Getting Channel Members

from telethon.tl.functions.channels import GetParticipantsRequest
from telethon.tl.types import ChannelParticipantsSearch
from telethon.tl.types import (PeerChannel)

# Let's get members of the Lula Channel on Telegram
input_channel = "https://t.me/UrnasEletronicaseEleicoesBrasil"

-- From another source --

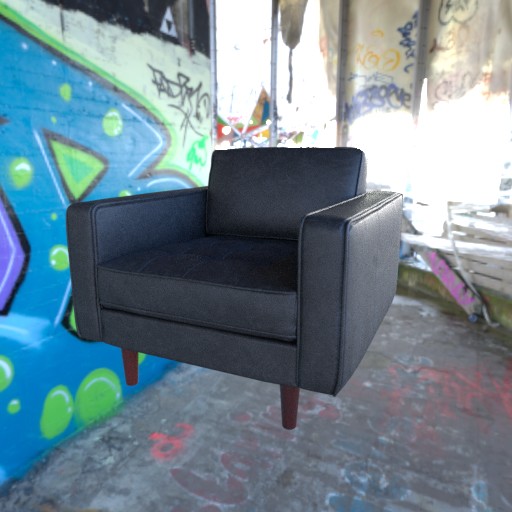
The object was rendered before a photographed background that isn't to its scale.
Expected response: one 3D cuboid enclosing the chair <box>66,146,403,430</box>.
[{"bbox_3d":[0.000,0.000,1.579,0.889,0.763,0.914,6,14,25],"label":"chair"}]

## Getting information from channel 
my_channel = client.get_entity(input_channel)

## get channel members
offset = 0
limit = 500
all_participants = []

while True:
    participants = client(GetParticipantsRequest(
        my_channel, ChannelParticipantsSearch(''), offset, limit,
        hash=0
    ))
    if not participants.users:
        break
    all_participants.extend(participants.users)
    offset += len(participants.users)



# Open Json
all_user_details = []
for participant in all_participants:
    all_user_details.append(
        {"id": participant.id, "first_name": participant.first_name, "last_name": participant.last_name,
         "user": participant.username, "phone": participant.phone, "is_bot": participant.bot})

# Check it our
df = pd.DataFrame(all_user_details)

Getting Messages

This only gets you 100 messages. You need to wrap it in a loop to get all the messages in the chat.

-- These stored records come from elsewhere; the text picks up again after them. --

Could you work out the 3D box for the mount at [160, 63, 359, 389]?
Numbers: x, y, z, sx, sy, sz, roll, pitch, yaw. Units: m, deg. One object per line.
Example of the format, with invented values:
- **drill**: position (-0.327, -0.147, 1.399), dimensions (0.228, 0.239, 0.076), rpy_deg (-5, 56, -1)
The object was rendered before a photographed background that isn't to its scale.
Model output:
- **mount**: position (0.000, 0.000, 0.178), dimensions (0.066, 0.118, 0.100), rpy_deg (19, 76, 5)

from telethon.tl.functions.messages import (GetHistoryRequest)
from telethon.tl.types import (PeerChannel)
import json

offset_id = 0
limit = 1000
all_messages = []
total_messages = 0
total_count_limit = 0

# capture data
history = client(GetHistoryRequest(
        peer=my_channel,
        offset_id=offset_id,
        offset_date=None,
        add_offset=0,
        limit=limit,
        max_id=0,
        min_id=0,
        hash=0
    ))
    
# get messages objects
messages = history.messages

# convert to a dictionary
for message in messages:
      all_messages.append(message.to_dict())

# save json
with open('data_telegram/message_data.json', 'w') as outfile:
    json.dump(all_messages, outfile, indent=4, sort_keys=True, default=str)

Quick data cleaning

# convert to pandas
# Opening JSON file
f = open('data_telegram/message_data.json')
  
# returns JSON object as 
# a dictionary
data = json.load(f)
 
df = pd.DataFrame(data)
df.keys()
Index(['_', 'date', 'edit_date', 'edit_hide', 'entities', 'forwards',
       'from_id', 'from_scheduled', 'fwd_from', 'grouped_id', 'id', 'legacy',
       'media', 'media_unread', 'mentioned', 'message', 'noforwards', 'out',
       'peer_id', 'pinned', 'post', 'post_author', 'reactions', 'replies',
       'reply_markup', 'reply_to', 'restriction_reason', 'silent',
       'ttl_period', 'via_bot_id', 'views', 'action'],
      dtype='object')
# open nested lists
df = pd.concat([df, df["from_id"].apply(pd.Series)], axis=1)

# See
df.head()
_ date edit_date edit_hide entities forwards from_id from_scheduled fwd_from grouped_id ... reply_markup reply_to restriction_reason silent ttl_period via_bot_id views action _ user_id
0 Message 2022-10-19 01:36:09+00:00 None False [] NaN {'_': 'PeerUser', 'user_id': 400651691} False None NaN ... None None [] False 86400.0 NaN NaN NaN PeerUser 400651691
1 Message 2022-10-19 01:26:10+00:00 None False [{'_': 'MessageEntityPhone', 'length': 9, 'off... NaN {'_': 'PeerUser', 'user_id': 1370474841} False {'_': 'MessageFwdHeader', 'channel_post': None... NaN ... None None [] False 86400.0 NaN NaN NaN PeerUser 1370474841
2 Message 2022-10-19 01:02:19+00:00 None False [{'_': 'MessageEntityUrl', 'length': 28, 'offs... NaN {'_': 'PeerUser', 'user_id': 1502201089} False None NaN ... None None [] False 86400.0 NaN NaN NaN PeerUser 1502201089
3 Message 2022-10-19 00:56:46+00:00 2022-10-19 00:56:52+00:00 False [] NaN {'_': 'PeerUser', 'user_id': 1370474841} False None NaN ... None None [] False 86400.0 NaN NaN NaN PeerUser 1370474841
4 Message 2022-10-19 00:55:24+00:00 None False [{'_': 'MessageEntityMention', 'length': 20, '... 73.0 {'_': 'PeerUser', 'user_id': 1370474841} False {'_': 'MessageFwdHeader', 'channel_post': 3032... NaN ... None None [] False 86400.0 NaN 15007.0 NaN PeerUser 1370474841

5 rows × 34 columns

Conclusion

This is a very quick introduction. If you want to do this at scale, you need to first curate a list of channels you are interested in. Second, you need to host this code in a server so that you can make multiple calls over the days. Third, you probably need to use the async package to make this code more efficient.